Items from a data source:
^^^^^^^^^^^^^^^^

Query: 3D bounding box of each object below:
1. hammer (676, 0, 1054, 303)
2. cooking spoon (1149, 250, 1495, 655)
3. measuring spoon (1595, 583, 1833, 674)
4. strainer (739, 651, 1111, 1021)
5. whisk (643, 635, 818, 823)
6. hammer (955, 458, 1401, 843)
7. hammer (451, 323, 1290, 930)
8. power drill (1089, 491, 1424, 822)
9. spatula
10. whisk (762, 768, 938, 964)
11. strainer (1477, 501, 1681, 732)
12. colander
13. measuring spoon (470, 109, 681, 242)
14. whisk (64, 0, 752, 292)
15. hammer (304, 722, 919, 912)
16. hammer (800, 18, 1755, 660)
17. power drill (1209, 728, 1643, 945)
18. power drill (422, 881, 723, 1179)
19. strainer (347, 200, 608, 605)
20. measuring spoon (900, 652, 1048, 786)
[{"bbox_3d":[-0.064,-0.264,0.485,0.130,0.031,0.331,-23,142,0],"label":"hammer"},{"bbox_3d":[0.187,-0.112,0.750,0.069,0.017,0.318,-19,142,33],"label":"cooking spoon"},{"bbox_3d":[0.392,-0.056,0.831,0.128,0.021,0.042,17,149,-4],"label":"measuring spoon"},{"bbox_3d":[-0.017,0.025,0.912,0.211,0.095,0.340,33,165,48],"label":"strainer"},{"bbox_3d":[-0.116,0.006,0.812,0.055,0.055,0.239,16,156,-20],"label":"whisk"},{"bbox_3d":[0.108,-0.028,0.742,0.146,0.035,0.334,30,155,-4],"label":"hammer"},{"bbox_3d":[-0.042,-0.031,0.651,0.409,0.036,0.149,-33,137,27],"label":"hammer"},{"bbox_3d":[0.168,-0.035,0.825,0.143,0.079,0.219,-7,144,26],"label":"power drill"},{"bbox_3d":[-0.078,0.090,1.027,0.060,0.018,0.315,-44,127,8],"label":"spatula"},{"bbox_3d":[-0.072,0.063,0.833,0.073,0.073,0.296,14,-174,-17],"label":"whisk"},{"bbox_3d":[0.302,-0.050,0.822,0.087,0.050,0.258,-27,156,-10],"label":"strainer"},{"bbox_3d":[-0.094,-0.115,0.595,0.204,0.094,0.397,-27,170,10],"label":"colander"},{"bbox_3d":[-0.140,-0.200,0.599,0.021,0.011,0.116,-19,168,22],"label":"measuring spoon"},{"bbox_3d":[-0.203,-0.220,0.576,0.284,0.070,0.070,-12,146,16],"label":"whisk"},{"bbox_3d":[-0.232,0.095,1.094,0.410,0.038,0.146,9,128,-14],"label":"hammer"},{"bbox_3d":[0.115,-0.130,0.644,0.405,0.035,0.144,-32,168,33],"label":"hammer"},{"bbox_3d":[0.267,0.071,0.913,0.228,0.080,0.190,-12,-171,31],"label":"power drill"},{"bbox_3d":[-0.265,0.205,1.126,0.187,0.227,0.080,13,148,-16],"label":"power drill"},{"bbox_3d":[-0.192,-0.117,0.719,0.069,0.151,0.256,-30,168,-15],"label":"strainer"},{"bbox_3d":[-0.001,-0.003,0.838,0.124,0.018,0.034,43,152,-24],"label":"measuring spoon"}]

^^^^^^^^^^^^^^^^

• [What you will do]: Retype each entry exactly, missing none.

• [Exercise response]:
Query: 3D bounding box of each object below:
1. hammer (676, 0, 1054, 303)
2. cooking spoon (1149, 250, 1495, 655)
3. measuring spoon (1595, 583, 1833, 674)
4. strainer (739, 651, 1111, 1021)
5. whisk (643, 635, 818, 823)
6. hammer (955, 458, 1401, 843)
7. hammer (451, 323, 1290, 930)
8. power drill (1089, 491, 1424, 822)
9. spatula
10. whisk (762, 768, 938, 964)
11. strainer (1477, 501, 1681, 732)
12. colander
13. measuring spoon (470, 109, 681, 242)
14. whisk (64, 0, 752, 292)
15. hammer (304, 722, 919, 912)
16. hammer (800, 18, 1755, 660)
17. power drill (1209, 728, 1643, 945)
18. power drill (422, 881, 723, 1179)
19. strainer (347, 200, 608, 605)
20. measuring spoon (900, 652, 1048, 786)
[{"bbox_3d":[-0.064,-0.264,0.485,0.130,0.031,0.331,-23,142,0],"label":"hammer"},{"bbox_3d":[0.187,-0.112,0.750,0.069,0.017,0.318,-19,142,33],"label":"cooking spoon"},{"bbox_3d":[0.392,-0.056,0.831,0.128,0.021,0.042,17,149,-4],"label":"measuring spoon"},{"bbox_3d":[-0.017,0.025,0.912,0.211,0.095,0.340,33,165,48],"label":"strainer"},{"bbox_3d":[-0.116,0.006,0.812,0.055,0.055,0.239,16,156,-20],"label":"whisk"},{"bbox_3d":[0.108,-0.028,0.742,0.146,0.035,0.334,30,155,-4],"label":"hammer"},{"bbox_3d":[-0.042,-0.031,0.651,0.409,0.036,0.149,-33,137,27],"label":"hammer"},{"bbox_3d":[0.168,-0.035,0.825,0.143,0.079,0.219,-7,144,26],"label":"power drill"},{"bbox_3d":[-0.078,0.090,1.027,0.060,0.018,0.315,-44,127,8],"label":"spatula"},{"bbox_3d":[-0.072,0.063,0.833,0.073,0.073,0.296,14,-174,-17],"label":"whisk"},{"bbox_3d":[0.302,-0.050,0.822,0.087,0.050,0.258,-27,156,-10],"label":"strainer"},{"bbox_3d":[-0.094,-0.115,0.595,0.204,0.094,0.397,-27,170,10],"label":"colander"},{"bbox_3d":[-0.140,-0.200,0.599,0.021,0.011,0.116,-19,168,22],"label":"measuring spoon"},{"bbox_3d":[-0.203,-0.220,0.576,0.284,0.070,0.070,-12,146,16],"label":"whisk"},{"bbox_3d":[-0.232,0.095,1.094,0.410,0.038,0.146,9,128,-14],"label":"hammer"},{"bbox_3d":[0.115,-0.130,0.644,0.405,0.035,0.144,-32,168,33],"label":"hammer"},{"bbox_3d":[0.267,0.071,0.913,0.228,0.080,0.190,-12,-171,31],"label":"power drill"},{"bbox_3d":[-0.265,0.205,1.126,0.187,0.227,0.080,13,148,-16],"label":"power drill"},{"bbox_3d":[-0.192,-0.117,0.719,0.069,0.151,0.256,-30,168,-15],"label":"strainer"},{"bbox_3d":[-0.001,-0.003,0.838,0.124,0.018,0.034,43,152,-24],"label":"measuring spoon"}]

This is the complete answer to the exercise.